Destroy all lines. You can go all-city and not emulate a king… You don't want to be the King of the Line, you don't want to be king of anything… Kings make subway lines, monuments, buildings, highways, those are the things you should be bombing, destroying, re-crafting, re-coloring, re-making. "I am concerned about idiots posing as kings / What are we to rule? I thought we're supposed to sing…" Yeah, let that Krylon can sing with color that elevates and harmonizes with that nozzle hiss, that can-shaking clank… Get to writing… Get to bombing, throwing-up, tagging… Get up with that window down whole car burners that run back-to-back… Let your name be known from Pelham Bay to Coney Isle and out to Jamaica Plains, and know that name means nothing except resistance, destruction, denial of control. I want a nightmare of color to shock the complacent and worry parents and anger authorities.


And I am not just talking about ZEPHYR or LEE or MONO, DONDI or SEEN (even though this is the best tag ever in my opinion, recognition manifest in the words "BEEN SEEN" on the side of a train) or even IZ the WIZ or any of the recognized masters of a lost age. I am talking about MADR (with his three story high paint rollered letters on the side of the wall above the New Utrecht Avenue stop on 'N' line) and ZECT and MOOSE and all the toy shit I see between the 9th ave and 36th street stops on 'D' line (and I love the comments on that page), or painted on the sides of taller residential houses that are unfortunate enough to abut some lower structure. I am talking about whoever paints those wack-ass white pac-mans just below the roof level of buildings, defying gravity to 'get up'… I want to give props to the kids who faced with modernized graffiti-proofed trains decided to steal a case of those "Hello, My name is" stickers from school or work or church or wherever, and started tagging those and sticking them all over the place. I want to credit the ingenuity of the guy who first decided homemade stencils made for quicker work in places you might not be able to get away with making the outline, doing the fill-in… And all the sticker art that is plastered on construction sites and alley walls, I admire the effort to make those glossy adhesives, even as I am suspicious of the expense… I hope those guys are somehow stealing the resources to make those things, not spending the last pennies of their bike messenger jobs, or worse yet, just tapping into their trust funds… But fuck it, I want it all out there, from the most primitive scrawl to the deepest 3D complicated shit.

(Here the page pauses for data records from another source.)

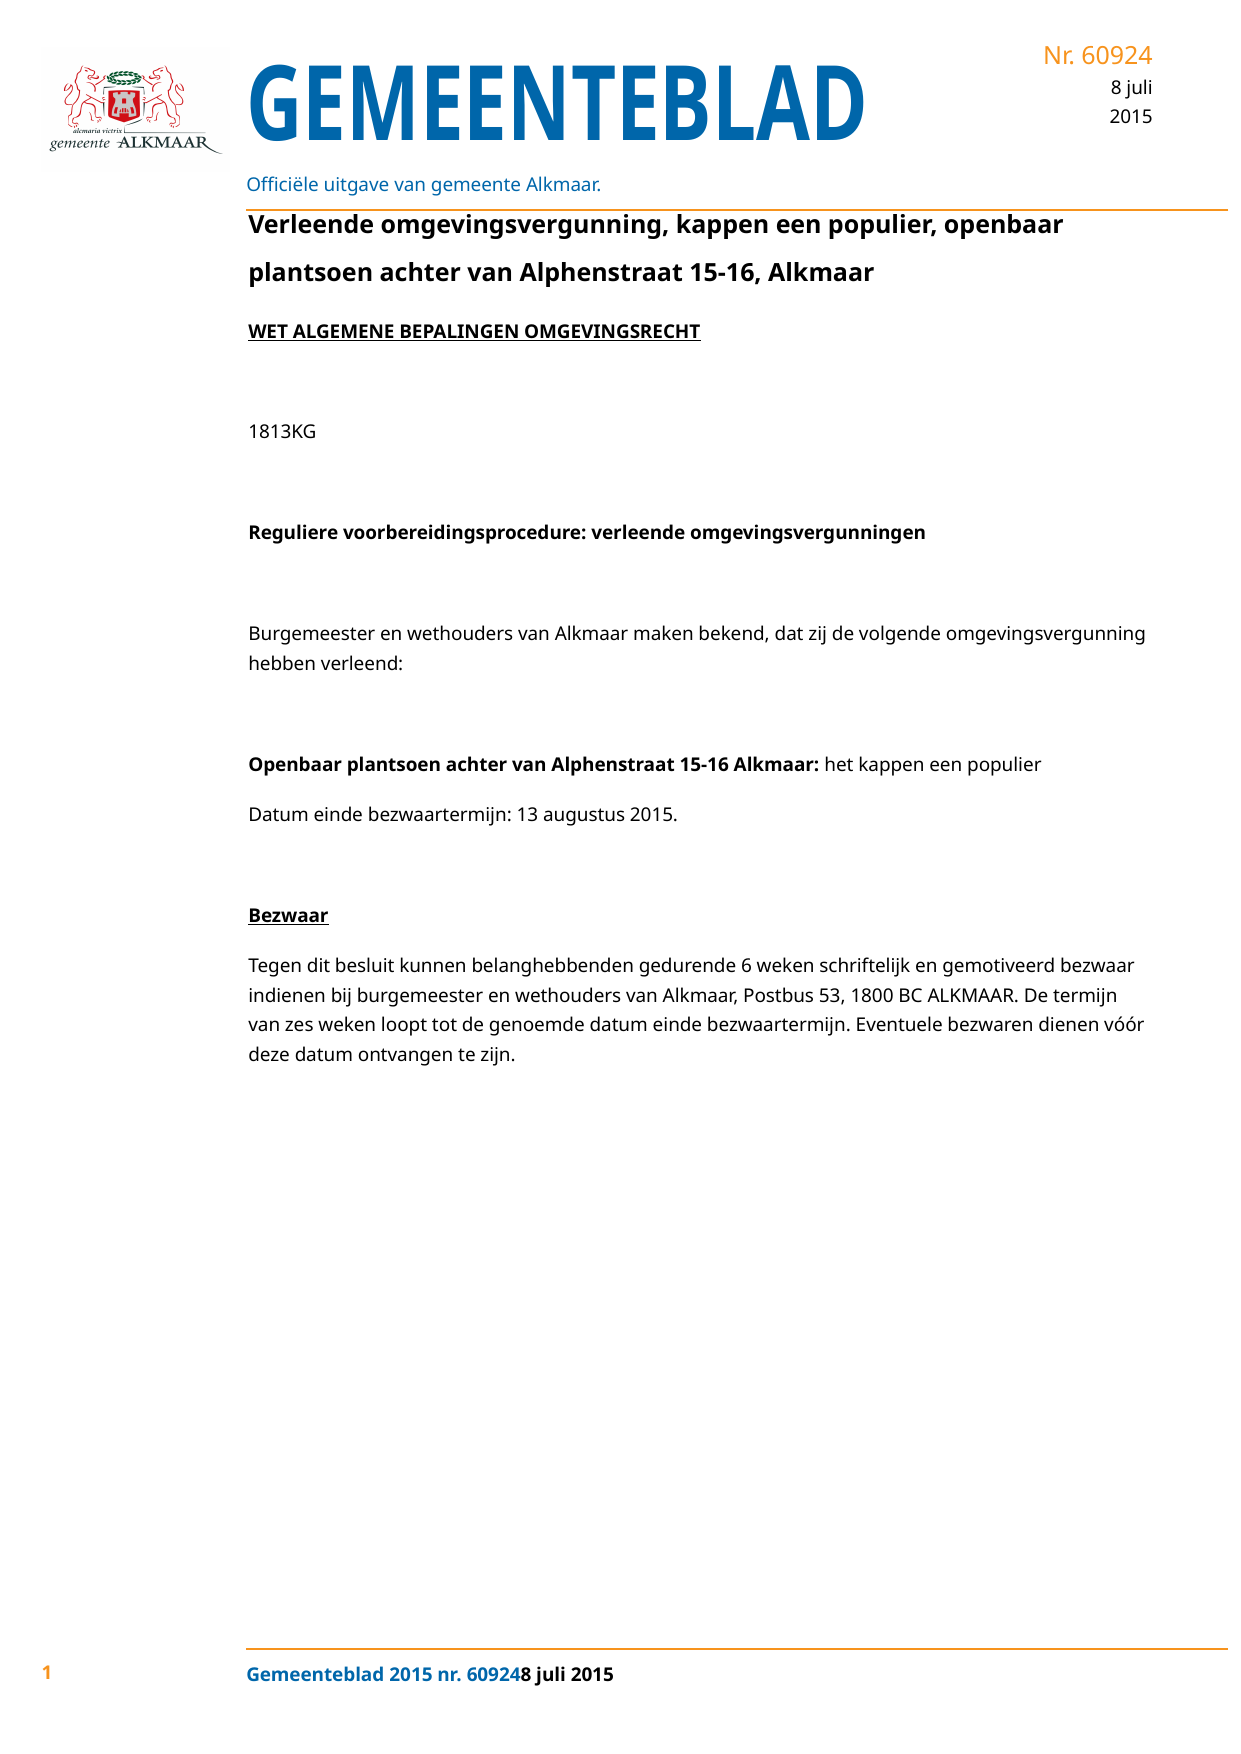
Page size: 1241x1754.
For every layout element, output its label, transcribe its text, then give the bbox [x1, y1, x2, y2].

text Reguliere voorbereidingsprocedure: verleende omgevingsvergunningen [248, 519, 1152, 545]
text Bezwaar [248, 902, 1152, 928]
text WET ALGEMENE BEPALINGEN OMGEVINGSRECHT [248, 318, 1152, 344]
text Openbaar plantsoen achter van Alphenstraat 15-16 Alkmaar: het kappen een populier [248, 751, 1152, 777]
picture [41, 47, 231, 172]
text Burgemeester en wethouders van Alkmaar maken bekend, dat zij de volgende omgevingsvergunning hebben verleend: [248, 620, 1152, 676]
text Tegen dit besluit kunnen belanghebbenden gedurende 6 weken schriftelijk en gemotiveerd bezwaar indienen bij burgemeester en wethouders van Alkmaar, Postbus 53, 1800 BC ALKMAAR. De termijn van zes weken loopt tot de genoemde datum einde bezwaartermijn. Eventuele bezwaren dienen vóór deze datum ontvangen te zijn. [248, 952, 1152, 1067]
text Datum einde bezwaartermijn: 13 augustus 2015. [248, 801, 1152, 827]
text 1813KG [248, 419, 1152, 444]
text Verleende omgevingsvergunning, kappen een populier, openbaar plantsoen achter van Alphenstraat 15-16, Alkmaar [248, 211, 1152, 288]

Bomb the City. Tear the shit open with bubble-letter shaped wounds of blood red and gan-green and bone white, and some kind of fucked up alien blue. Do something. 'Write.' 'Writing' means to write graffiti, or at least in certain contexts it does without any doubt. No one thinks you are going to write a poem or a novel or a fucking dissertation. This here, this is the only writing I do, for what it's worth (nothing. Less than nothing) - Here, but there is also my academic writing, wherein I do my own form of academic graffiti, using footnotes for colloquial explanations, asides, tangents… I interject the personal. I try to disrupt the artificiality of academic paper with another voice I have at my disposal. A voice not unlike the one I often use to write here, a voice that can't help but be skeptical and irreverent and calls into question the whole endeavor - but it is also measured, apportioned, used with care, sometimes not used at all - And I want to let it free. Not in the body of those works, still relegated to the formality of footnotes, as I think that lends it is subversive quality, but also wildly, wantonly, attacking academia even as it takes part in its rituals. Bombing that paper with little throw-ups. Just writing.